Picture the scene: You’ve offered to cook dinner but have no idea what to make. And everyone is sitting around the table hungry.


A party yearning to topple the Government on the back of one crucial question might be expected to have a strategy to deal with it. Not Labour. Jeremy Corbyn and co have been plotting their course to power by way of the so-called Commons ‘meaningful vote’ on the draft Brexit deal in December. The Government is all-but certain to be defeated when MPs from its own side join forces with the opposition to vote against the controversial blueprint - dealing a potentially fatal blow to the permanently-struggling Theresa May administration. Labour argues that will be the opportunity to take over - whether through a snap general election or by forming a minority administration if the Government cannot command a working majority.

But in an interview with the House Magazine this week, Shadow Brexit Secretary Keir Starmer had little to say about how Labour would push ahead with Brexit negotiations if it gets the chance. The party wants a “close economic partnership” with the bloc, including membership of the customs union and a single market “deal” - but how it would secure its demands remains a mystery. Starmer says Labour would “take each step as it comes” and would rather complain about Theresa May running down the clock than be clear on how Labour might use the little time left or whether it would apply for an extension. He speaks of the Labour proposals as ideas which "could have been negotiated" rather than ongoing possibilities.

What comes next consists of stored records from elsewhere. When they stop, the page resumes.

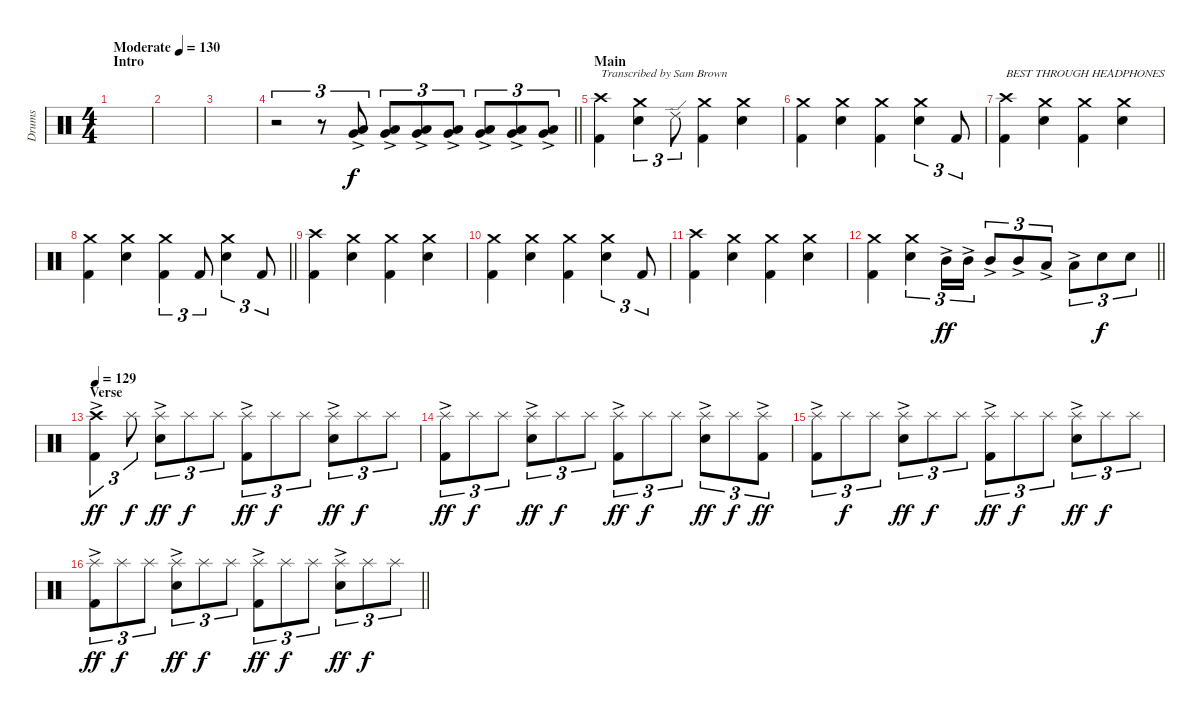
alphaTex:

\track ("Drums" "Drums") {instrument percussion}
\staff {score}
\articulation defaults
\ts (4 4)
\section ("" "Intro")
\tempo (130 "Moderate")
\clef neutral
\ks c
|
|
|
\barLineRight lightlight
r.2{tu (3 2) volume 6} r.8{tu (3 2)} ("Very Low Tom (hit)"{ac} "Low Floor Tom (hit)").8{tu (3 2) volume 15} ("Very Low Tom (hit)"{ac} "Low Floor Tom (hit)").8{tu (3 2)} ("Very Low Tom (hit)"{ac} "Low Floor Tom (hit)").8{tu (3 2)} ("Very Low Tom (hit)"{ac} "Low Floor Tom (hit)"{ac}).8{tu (3 2)} ("Very Low Tom (hit)"{ac} "Low Floor Tom (hit)"{ac}).8{tu (3 2)} ("Very Low Tom (hit)"{ac} "Low Floor Tom (hit)"{ac}).8{tu (3 2)} ("Very Low Tom (hit)"{ac} "Low Floor Tom (hit)"{ac}).8{tu (3 2)} |
\section ("" "Main")
("Kick (hit) 2" "Crash high (hit)").4{txt "Transcribed by Sam Brown" dy f} ("Snare (hit) 2" "Crash medium (hit)").4{tu (3 2)} "Ride (edge) 2".8{tu (3 2)} ("Kick (hit) 2" "Crash medium (hit)").4 ("Snare (hit) 2" "Crash medium (hit)").4 |
("Kick (hit) 2" "Crash medium (hit)").4 ("Snare (hit) 2" "Crash medium (hit)").4 ("Kick (hit) 2" "Crash medium (hit)").4 ("Snare (hit) 2" "Crash medium (hit)").4{tu (3 2)} "Kick (hit) 2".8{tu (3 2)} |
("Kick (hit) 2" "Crash high (hit)").4{txt "BEST THROUGH HEADPHONES"} ("Snare (hit) 2" "Crash medium (hit)").4 ("Kick (hit) 2" "Crash medium (hit)").4 ("Snare (hit) 2" "Crash medium (hit)").4 |
\barLineRight lightlight
("Kick (hit) 2" "Crash medium (hit)").4 ("Snare (hit) 2" "Crash medium (hit)").4 ("Kick (hit) 2" "Crash medium (hit)").4{tu (3 2)} "Kick (hit) 2".8{tu (3 2)} ("Snare (hit) 2" "Crash medium (hit)").4{tu (3 2)} "Kick (hit) 2".8{tu (3 2)} |
\section ("" "")
("Kick (hit) 2" "Crash high (hit)").4 ("Snare (hit) 2" "Crash medium (hit)").4 ("Kick (hit) 2" "Crash medium (hit)").4 ("Snare (hit) 2" "Crash medium (hit)").4 |
("Kick (hit) 2" "Crash medium (hit)").4 ("Snare (hit) 2" "Crash medium (hit)").4 ("Kick (hit) 2" "Crash medium (hit)").4 ("Snare (hit) 2" "Crash medium (hit)").4{tu (3 2)} "Kick (hit) 2".8{tu (3 2)} |
("Kick (hit) 2" "Crash high (hit)").4 ("Snare (hit) 2" "Crash medium (hit)").4 ("Kick (hit) 2" "Crash medium (hit)").4 ("Snare (hit) 2" "Crash medium (hit)").4 |
\barLineRight lightlight
("Kick (hit) 2" "Crash medium (hit)").4 ("Snare (hit) 2" "Crash medium (hit)").4{tu (3 2)} "Mid Tom (hit)"{ac}.16{tu (3 2) dy ff} "Mid Tom (hit)"{ac}.16{tu (3 2)} "Mid Tom (hit)"{ac}.8{tu (3 2)} "Mid Tom (hit)"{ac}.8{tu (3 2)} "Low Tom (hit)"{ac}.8{tu (3 2)} "Low Tom (hit)"{ac}.8{tu (3 2)} "Snare (hit) 2".8{tu (3 2) dy f} "Snare (hit) 2".8{tu (3 2)} |
\section ("" "Verse")
\tempo 129
("Kick (hit) 2"{ac} "Crash high (hit)").4{tu (3 2) dy ff} "Splash (hit)".8{tu (3 2) dy f} ("Snare (hit) 2"{ac} "Splash (hit)").8{tu (3 2) dy ff} "Splash (hit)".8{tu (3 2) dy f} "Splash (hit)".8{tu (3 2)} ("Kick (hit) 2"{ac} "Splash (hit)").8{tu (3 2) dy ff} "Splash (hit)".8{tu (3 2) dy f} "Splash (hit)".8{tu (3 2)} ("Snare (hit) 2"{ac} "Splash (hit)").8{tu (3 2) dy ff} "Splash (hit)".8{tu (3 2) dy f} "Splash (hit)".8{tu (3 2)} |
("Kick (hit) 2"{ac} "Splash (hit)").8{tu (3 2) dy ff} "Splash (hit)".8{tu (3 2) dy f} "Splash (hit)".8{tu (3 2)} ("Snare (hit) 2"{ac} "Splash (hit)").8{tu (3 2) dy ff} "Splash (hit)".8{tu (3 2) dy f} "Splash (hit)".8{tu (3 2)} ("Kick (hit) 2"{ac} "Splash (hit)").8{tu (3 2) dy ff} "Splash (hit)".8{tu (3 2) dy f} "Splash (hit)".8{tu (3 2)} ("Snare (hit) 2"{ac} "Splash (hit)").8{tu (3 2) dy ff} "Splash (hit)".8{tu (3 2) dy f} ("Kick (hit) 2"{ac} "Splash (hit)").8{tu (3 2) dy ff} |
("Kick (hit) 2"{ac} "Splash (hit)").8{tu (3 2)} "Splash (hit)".8{tu (3 2) dy f} "Splash (hit)".8{tu (3 2)} ("Snare (hit) 2"{ac} "Splash (hit)").8{tu (3 2) dy ff} "Splash (hit)".8{tu (3 2) dy f} "Splash (hit)".8{tu (3 2)} ("Kick (hit) 2"{ac} "Splash (hit)").8{tu (3 2) dy ff} "Splash (hit)".8{tu (3 2) dy f} "Splash (hit)".8{tu (3 2)} ("Snare (hit) 2"{ac} "Splash (hit)").8{tu (3 2) dy ff} "Splash (hit)".8{tu (3 2) dy f} "Splash (hit)".8{tu (3 2)} |
\barLineRight lightlight
("Kick (hit) 2"{ac} "Splash (hit)").8{tu (3 2) dy ff} "Splash (hit)".8{tu (3 2) dy f} "Splash (hit)".8{tu (3 2)} ("Snare (hit) 2"{ac} "Splash (hit)").8{tu (3 2) dy ff} "Splash (hit)".8{tu (3 2) dy f} "Splash (hit)".8{tu (3 2)} ("Kick (hit) 2"{ac} "Splash (hit)").8{tu (3 2) dy ff} "Splash (hit)".8{tu (3 2) dy f} "Splash (hit)".8{tu (3 2)} ("Snare (hit) 2"{ac} "Splash (hit)").8{tu (3 2) dy ff} "Splash (hit)".8{tu (3 2) dy f} "Splash (hit)".8{tu (3 2)}

Meanwhile, the party is split over the tone it wants to take on Brexit. Jeremy Corbyn this week said the withdrawal from the EU could act as a “catalyst” to boost the British economy - once more flirting with eurosceptic language to appeal to Labour voters in Brexit heartlands. But Starmer refused to take a similar tack. Instead he argued the “most important thing is to safeguard the economy” and warned that a failure to protect manufacturing and services through the process would lead to job losses.

The Shadow Brexit Secretary could not even think of a single benefit of quitting the EU. “It's very difficult for somebody who voted Remain to say that there are positives to come out of this - but we voted to have a referendum,” he said. And yet he is tasked to deliver it if Jeremy Corbyn reaches Downing Street.

The demand for an election from Labour surely prompts a pivotal question: Would a fight over party politics, wide-ranging manifesto commitments and leadership really answer the questions thrown up by Brexit? Starmer thinks it could - while offering a chance for Brits to spell out what they want for the country afterwards. But the blueprint for how it gets to that 'afterwards' appears to be unwritten. 

Labour clearly has its eye on post-Brexit power - but unless it wants to find itself with empty plates at dinner time, it needs some more immediate answers too.